[Opening Recorded information section]

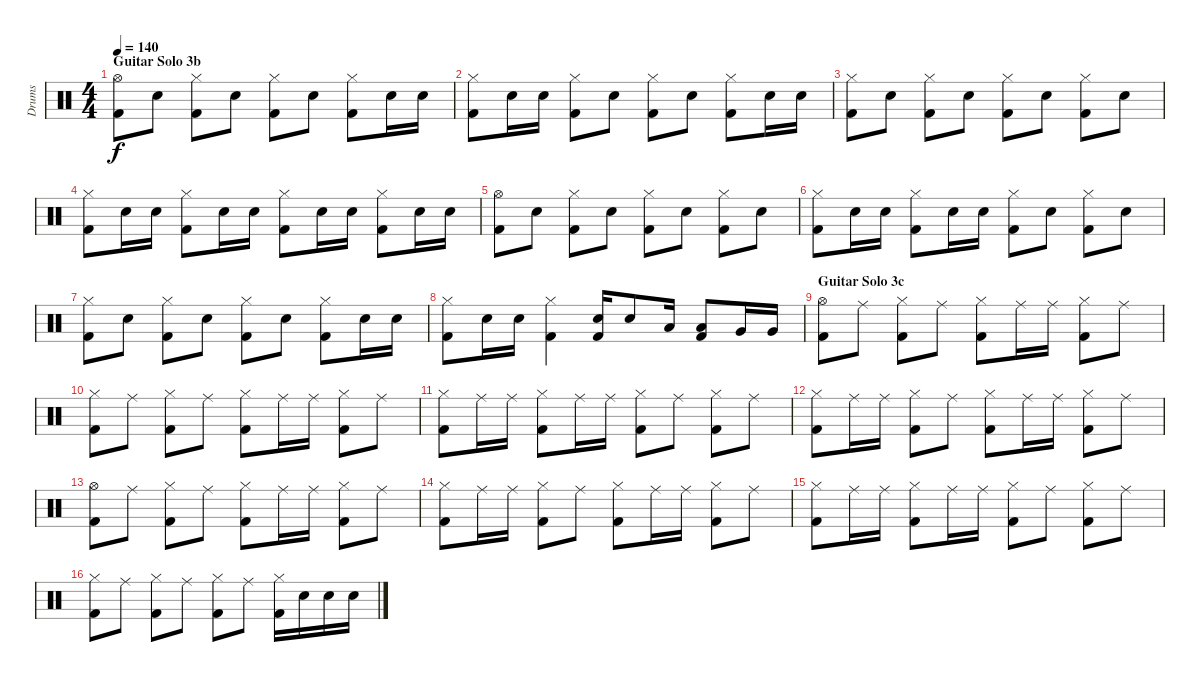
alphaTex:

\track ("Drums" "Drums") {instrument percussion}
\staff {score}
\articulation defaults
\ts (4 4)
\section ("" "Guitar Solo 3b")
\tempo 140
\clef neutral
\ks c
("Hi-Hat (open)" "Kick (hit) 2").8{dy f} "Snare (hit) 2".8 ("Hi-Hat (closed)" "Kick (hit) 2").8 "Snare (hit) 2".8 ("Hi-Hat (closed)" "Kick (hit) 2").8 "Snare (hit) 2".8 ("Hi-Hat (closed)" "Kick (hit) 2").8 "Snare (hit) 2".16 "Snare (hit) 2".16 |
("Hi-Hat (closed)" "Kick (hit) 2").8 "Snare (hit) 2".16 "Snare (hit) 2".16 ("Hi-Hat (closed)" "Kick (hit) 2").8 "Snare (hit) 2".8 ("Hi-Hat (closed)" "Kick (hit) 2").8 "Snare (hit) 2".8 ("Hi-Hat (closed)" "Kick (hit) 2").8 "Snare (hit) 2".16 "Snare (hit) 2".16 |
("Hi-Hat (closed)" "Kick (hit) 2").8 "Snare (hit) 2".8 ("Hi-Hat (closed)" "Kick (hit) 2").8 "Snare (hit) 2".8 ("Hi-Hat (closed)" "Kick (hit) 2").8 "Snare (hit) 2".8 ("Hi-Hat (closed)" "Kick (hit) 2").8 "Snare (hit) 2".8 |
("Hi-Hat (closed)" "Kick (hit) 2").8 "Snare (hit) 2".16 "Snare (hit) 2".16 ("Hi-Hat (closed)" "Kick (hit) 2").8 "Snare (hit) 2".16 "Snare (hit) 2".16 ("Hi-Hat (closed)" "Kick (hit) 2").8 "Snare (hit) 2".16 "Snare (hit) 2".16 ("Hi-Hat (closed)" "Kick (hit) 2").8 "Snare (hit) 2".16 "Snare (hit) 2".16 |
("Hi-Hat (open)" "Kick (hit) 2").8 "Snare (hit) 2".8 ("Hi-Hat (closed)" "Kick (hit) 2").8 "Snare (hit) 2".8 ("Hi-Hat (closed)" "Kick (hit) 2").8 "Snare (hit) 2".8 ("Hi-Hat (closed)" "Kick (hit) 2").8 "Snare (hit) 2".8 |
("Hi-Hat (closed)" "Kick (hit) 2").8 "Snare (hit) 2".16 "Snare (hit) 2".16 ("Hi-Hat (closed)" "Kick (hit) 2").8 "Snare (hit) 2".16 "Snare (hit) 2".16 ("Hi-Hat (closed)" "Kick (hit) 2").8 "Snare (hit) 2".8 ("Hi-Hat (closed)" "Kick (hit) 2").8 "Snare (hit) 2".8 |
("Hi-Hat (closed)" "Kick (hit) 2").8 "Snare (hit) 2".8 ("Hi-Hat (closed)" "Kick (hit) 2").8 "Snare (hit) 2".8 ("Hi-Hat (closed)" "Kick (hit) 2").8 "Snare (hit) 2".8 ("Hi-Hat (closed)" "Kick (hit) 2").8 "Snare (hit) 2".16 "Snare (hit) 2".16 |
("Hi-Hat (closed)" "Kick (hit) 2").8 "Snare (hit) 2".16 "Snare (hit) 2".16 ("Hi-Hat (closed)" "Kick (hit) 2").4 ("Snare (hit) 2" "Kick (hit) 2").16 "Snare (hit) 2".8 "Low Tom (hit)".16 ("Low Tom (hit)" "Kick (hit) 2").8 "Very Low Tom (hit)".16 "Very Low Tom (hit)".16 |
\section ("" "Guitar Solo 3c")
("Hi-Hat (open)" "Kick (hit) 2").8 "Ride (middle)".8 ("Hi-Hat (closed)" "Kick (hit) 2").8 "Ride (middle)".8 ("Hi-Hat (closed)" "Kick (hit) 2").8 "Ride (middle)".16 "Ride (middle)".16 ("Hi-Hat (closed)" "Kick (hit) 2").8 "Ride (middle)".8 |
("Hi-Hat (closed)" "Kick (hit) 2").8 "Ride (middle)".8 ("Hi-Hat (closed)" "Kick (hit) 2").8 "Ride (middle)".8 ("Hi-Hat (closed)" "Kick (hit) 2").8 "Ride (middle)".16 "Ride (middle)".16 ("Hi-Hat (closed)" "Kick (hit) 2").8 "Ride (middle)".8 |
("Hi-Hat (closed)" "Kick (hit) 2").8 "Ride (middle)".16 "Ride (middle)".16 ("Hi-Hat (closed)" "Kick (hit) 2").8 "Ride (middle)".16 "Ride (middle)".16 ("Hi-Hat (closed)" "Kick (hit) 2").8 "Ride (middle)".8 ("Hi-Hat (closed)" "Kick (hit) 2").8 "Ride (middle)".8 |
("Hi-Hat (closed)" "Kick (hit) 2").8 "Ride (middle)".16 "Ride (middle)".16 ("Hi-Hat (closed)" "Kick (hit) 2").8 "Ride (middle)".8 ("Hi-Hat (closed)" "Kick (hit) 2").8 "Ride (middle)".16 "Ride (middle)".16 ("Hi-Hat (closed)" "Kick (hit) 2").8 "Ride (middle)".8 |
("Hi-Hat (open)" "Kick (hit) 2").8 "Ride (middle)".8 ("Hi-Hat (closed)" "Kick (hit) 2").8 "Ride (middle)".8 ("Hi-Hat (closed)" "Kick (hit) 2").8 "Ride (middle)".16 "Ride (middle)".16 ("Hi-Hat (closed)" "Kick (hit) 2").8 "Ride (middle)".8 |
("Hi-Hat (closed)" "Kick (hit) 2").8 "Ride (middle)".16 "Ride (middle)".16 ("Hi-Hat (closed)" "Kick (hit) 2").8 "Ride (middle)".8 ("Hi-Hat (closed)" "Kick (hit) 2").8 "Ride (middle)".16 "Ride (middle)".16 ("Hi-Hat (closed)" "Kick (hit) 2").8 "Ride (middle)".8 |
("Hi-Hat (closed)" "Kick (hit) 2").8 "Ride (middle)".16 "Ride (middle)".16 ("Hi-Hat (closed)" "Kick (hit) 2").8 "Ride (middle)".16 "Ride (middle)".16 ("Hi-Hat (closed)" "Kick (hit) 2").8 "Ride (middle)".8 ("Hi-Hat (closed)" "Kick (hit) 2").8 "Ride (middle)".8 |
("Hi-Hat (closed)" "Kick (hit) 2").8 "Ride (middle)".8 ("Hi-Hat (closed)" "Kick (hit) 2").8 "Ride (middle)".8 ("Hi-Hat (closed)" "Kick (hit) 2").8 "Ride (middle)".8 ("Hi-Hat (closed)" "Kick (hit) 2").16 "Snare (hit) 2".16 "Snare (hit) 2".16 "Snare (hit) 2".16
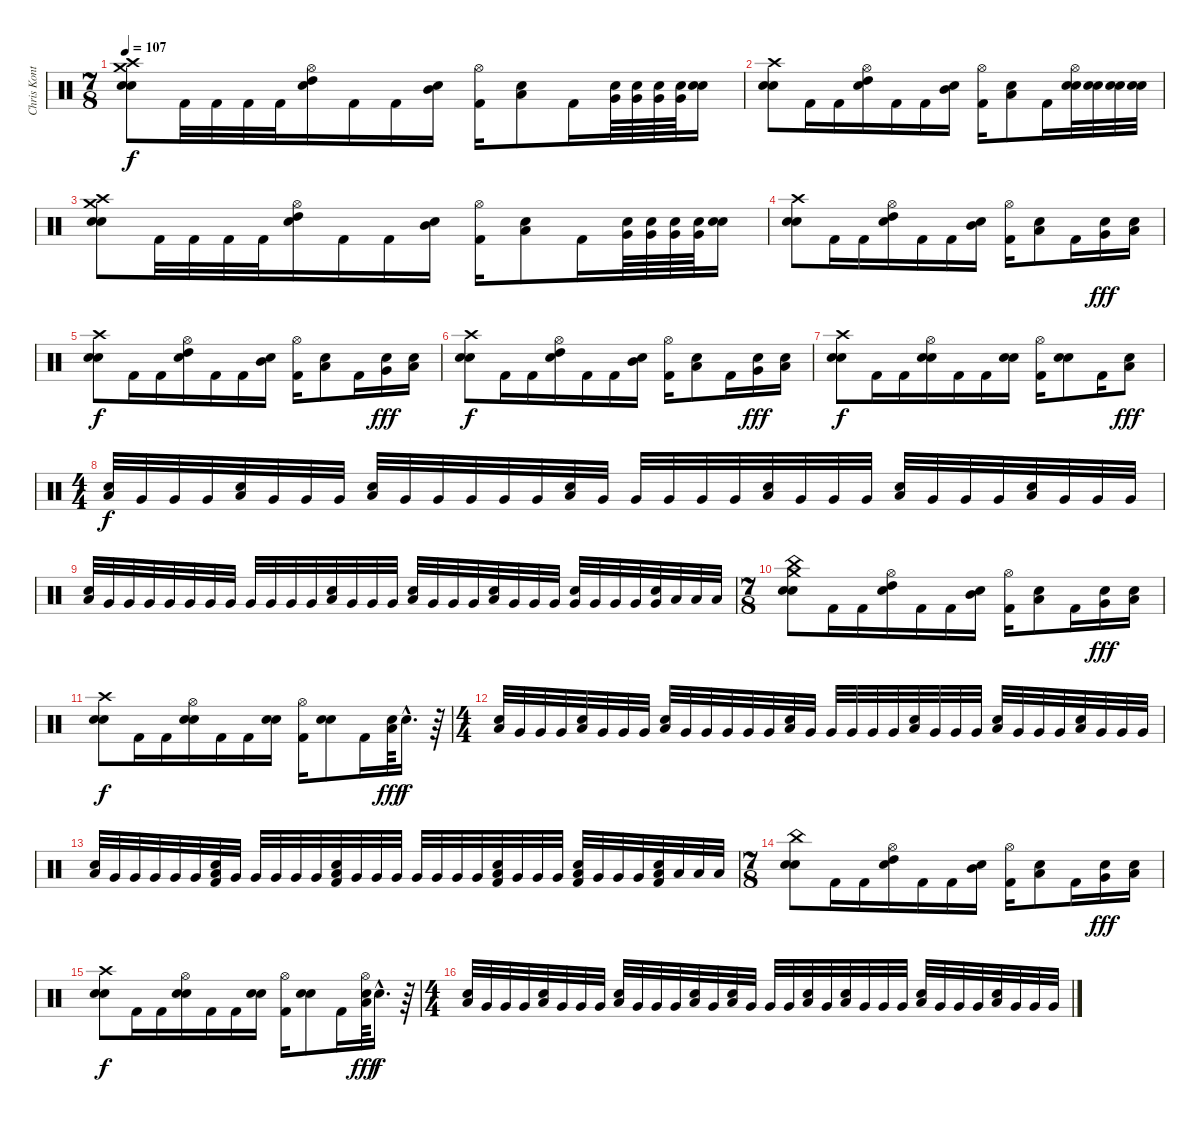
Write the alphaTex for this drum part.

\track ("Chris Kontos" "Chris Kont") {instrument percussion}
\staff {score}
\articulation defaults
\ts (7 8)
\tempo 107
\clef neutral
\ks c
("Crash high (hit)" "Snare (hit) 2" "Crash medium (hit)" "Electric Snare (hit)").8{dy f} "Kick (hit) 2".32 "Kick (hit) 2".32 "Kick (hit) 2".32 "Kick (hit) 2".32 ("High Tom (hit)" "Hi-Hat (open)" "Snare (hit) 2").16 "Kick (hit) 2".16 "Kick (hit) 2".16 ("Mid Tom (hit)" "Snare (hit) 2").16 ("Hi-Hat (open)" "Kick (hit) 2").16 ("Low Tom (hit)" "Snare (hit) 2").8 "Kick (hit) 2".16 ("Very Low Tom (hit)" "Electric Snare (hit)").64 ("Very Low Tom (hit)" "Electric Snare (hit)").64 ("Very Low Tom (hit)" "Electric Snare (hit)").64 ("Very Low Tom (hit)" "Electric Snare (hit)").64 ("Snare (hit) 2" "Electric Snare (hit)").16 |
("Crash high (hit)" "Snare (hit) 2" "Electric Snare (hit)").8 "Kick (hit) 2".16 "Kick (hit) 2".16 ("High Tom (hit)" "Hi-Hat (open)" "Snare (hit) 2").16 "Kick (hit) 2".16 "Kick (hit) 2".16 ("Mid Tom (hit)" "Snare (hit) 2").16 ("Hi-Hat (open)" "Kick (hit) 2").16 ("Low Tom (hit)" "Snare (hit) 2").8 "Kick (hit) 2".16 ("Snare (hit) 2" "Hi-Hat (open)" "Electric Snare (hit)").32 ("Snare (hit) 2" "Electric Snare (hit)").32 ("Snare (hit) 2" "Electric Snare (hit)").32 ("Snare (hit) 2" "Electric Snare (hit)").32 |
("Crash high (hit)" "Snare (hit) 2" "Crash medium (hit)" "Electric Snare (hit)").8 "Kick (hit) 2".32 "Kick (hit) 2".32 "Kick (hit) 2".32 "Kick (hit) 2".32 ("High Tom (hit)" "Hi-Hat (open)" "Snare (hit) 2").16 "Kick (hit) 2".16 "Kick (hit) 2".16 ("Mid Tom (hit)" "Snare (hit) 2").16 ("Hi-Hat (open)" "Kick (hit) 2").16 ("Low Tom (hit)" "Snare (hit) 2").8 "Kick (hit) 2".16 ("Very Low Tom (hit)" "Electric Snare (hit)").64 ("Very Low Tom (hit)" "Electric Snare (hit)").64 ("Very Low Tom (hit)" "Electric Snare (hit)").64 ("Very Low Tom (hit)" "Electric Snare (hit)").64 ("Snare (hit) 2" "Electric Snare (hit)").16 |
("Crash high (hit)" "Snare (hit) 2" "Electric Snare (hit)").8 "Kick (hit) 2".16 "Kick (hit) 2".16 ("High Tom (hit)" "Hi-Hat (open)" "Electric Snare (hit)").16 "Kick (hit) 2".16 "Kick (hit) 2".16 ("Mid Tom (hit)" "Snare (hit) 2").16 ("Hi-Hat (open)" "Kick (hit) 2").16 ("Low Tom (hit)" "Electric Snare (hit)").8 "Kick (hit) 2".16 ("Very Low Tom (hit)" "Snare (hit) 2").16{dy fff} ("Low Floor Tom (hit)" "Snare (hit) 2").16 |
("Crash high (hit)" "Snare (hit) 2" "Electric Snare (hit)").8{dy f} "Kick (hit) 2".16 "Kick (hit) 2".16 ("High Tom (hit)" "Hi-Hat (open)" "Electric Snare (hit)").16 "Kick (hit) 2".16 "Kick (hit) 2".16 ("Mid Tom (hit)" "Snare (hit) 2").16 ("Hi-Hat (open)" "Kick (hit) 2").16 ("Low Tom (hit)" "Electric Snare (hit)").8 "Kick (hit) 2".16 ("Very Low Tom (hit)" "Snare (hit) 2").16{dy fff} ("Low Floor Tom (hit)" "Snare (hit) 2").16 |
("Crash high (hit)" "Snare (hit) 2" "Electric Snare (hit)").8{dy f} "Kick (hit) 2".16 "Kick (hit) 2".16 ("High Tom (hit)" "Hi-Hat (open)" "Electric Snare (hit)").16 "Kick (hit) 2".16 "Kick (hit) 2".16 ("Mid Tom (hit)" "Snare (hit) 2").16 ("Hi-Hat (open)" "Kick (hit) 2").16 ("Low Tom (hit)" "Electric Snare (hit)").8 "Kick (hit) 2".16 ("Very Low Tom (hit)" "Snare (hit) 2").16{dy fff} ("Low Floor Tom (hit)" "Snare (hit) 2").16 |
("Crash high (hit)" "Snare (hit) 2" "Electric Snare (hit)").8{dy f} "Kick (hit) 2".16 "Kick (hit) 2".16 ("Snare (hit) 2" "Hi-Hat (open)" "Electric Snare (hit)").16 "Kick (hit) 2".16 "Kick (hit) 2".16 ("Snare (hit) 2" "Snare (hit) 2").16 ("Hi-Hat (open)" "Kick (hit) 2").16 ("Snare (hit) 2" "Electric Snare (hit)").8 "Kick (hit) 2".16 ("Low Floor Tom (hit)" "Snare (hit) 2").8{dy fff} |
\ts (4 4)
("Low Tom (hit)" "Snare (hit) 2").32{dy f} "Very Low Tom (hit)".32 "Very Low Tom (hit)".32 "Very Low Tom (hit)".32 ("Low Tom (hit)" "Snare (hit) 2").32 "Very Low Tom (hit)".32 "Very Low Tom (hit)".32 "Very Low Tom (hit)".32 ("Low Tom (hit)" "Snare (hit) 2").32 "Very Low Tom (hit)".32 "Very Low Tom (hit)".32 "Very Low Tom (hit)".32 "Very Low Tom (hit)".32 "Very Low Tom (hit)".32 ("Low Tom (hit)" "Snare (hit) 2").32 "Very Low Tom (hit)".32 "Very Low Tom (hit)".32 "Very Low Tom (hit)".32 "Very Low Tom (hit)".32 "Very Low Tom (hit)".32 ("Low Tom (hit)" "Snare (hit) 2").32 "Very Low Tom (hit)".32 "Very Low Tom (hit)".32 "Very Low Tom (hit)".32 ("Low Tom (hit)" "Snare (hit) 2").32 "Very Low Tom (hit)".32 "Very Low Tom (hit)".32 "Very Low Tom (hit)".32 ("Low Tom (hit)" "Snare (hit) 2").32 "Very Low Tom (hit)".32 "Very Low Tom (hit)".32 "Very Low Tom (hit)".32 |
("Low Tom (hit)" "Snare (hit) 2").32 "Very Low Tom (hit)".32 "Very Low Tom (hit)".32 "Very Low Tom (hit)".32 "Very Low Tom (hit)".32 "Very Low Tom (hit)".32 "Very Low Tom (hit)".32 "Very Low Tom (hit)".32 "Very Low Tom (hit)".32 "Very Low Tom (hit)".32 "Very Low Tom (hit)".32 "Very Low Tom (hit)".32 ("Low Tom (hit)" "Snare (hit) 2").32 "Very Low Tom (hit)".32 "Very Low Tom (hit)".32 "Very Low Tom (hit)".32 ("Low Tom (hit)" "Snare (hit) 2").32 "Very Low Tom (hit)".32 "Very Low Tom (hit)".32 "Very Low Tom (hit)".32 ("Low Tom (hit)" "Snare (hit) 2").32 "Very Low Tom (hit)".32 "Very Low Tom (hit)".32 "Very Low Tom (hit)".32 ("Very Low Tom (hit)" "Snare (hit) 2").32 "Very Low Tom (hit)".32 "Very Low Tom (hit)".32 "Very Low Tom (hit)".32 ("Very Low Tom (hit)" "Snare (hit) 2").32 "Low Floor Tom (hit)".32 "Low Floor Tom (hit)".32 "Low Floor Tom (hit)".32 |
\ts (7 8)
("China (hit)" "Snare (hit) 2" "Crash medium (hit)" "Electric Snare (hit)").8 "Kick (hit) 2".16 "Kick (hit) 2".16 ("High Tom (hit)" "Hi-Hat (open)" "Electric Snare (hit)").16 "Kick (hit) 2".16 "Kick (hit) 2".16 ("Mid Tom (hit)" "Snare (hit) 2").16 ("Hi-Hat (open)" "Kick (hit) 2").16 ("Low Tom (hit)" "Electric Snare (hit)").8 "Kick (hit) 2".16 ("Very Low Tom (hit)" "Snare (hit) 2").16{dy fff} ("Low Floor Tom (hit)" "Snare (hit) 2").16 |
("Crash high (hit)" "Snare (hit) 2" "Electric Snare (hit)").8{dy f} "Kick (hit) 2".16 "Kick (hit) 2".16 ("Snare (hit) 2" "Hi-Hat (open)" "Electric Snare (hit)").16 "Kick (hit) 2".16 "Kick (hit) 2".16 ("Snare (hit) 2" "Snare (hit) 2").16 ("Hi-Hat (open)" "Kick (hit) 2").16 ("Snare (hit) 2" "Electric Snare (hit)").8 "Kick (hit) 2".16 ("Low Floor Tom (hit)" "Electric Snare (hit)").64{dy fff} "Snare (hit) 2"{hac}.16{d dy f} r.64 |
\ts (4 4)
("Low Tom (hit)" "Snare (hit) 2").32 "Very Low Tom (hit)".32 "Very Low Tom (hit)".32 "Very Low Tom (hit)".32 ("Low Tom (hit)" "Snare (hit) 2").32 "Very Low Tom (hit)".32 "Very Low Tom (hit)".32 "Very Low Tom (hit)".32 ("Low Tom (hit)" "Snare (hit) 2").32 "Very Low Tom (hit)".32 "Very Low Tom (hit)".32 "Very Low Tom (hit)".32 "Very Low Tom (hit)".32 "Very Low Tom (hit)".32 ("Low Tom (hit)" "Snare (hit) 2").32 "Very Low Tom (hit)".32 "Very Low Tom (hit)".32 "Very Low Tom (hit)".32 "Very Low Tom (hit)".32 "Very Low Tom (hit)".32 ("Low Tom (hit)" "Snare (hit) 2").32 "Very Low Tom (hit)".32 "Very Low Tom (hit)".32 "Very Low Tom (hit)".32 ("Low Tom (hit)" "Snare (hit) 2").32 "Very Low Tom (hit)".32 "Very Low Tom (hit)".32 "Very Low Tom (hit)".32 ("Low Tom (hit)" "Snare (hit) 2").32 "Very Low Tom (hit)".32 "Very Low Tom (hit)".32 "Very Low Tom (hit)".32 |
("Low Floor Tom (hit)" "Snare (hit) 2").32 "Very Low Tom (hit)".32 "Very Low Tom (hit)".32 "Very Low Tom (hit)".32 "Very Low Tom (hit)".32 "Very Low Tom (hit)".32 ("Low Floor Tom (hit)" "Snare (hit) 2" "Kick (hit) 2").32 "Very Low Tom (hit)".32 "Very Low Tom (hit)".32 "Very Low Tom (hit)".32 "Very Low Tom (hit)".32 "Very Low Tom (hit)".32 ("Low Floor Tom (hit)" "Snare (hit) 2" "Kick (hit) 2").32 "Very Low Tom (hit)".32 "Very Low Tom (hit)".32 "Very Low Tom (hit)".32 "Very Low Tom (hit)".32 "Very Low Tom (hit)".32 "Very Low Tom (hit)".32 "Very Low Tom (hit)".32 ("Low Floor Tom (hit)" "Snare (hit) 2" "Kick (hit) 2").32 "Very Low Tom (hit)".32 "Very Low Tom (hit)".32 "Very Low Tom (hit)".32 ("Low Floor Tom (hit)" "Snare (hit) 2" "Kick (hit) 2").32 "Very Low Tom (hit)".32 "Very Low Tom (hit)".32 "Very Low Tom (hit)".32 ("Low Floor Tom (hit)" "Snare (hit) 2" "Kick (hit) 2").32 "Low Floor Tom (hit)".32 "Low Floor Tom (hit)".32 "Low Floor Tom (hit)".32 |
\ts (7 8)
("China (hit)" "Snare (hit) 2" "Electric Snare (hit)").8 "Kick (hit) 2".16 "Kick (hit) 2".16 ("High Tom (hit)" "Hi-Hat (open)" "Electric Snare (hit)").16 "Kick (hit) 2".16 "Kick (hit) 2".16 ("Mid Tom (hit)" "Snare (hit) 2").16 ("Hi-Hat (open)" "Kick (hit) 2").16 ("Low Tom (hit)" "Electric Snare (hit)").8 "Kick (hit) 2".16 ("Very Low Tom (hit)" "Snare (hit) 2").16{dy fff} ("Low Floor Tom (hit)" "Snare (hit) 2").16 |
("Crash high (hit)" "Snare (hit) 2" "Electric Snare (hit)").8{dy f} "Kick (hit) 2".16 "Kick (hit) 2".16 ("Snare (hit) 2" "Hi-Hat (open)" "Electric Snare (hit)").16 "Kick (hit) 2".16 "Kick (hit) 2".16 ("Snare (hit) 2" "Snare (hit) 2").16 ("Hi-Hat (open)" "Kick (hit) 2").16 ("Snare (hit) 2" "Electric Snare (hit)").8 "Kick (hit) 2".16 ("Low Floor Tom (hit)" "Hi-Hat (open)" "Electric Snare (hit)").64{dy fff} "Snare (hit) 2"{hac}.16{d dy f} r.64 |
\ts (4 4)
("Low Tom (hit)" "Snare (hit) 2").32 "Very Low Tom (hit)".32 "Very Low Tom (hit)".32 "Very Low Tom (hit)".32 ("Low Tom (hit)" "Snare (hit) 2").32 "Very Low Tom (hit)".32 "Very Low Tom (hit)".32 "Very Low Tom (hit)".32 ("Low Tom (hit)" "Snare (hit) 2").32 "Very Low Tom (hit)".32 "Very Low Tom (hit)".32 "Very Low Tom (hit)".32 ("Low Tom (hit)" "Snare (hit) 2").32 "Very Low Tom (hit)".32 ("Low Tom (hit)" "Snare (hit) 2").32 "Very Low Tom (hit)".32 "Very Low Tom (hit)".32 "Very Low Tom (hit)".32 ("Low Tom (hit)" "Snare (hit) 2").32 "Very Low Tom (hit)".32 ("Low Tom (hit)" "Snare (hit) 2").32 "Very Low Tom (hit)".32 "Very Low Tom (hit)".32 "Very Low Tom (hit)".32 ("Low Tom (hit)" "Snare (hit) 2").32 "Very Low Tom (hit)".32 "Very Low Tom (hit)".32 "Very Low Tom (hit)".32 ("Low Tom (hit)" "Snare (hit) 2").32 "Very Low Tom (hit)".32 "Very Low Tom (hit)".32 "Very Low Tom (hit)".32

[Closing Recorded information section]

» Your objective:
Lines containing the word "Solo" are to be located in the entries and copied.

» Problem solution:
\section ("" "Guitar Solo 3b")
\section ("" "Guitar Solo 3c")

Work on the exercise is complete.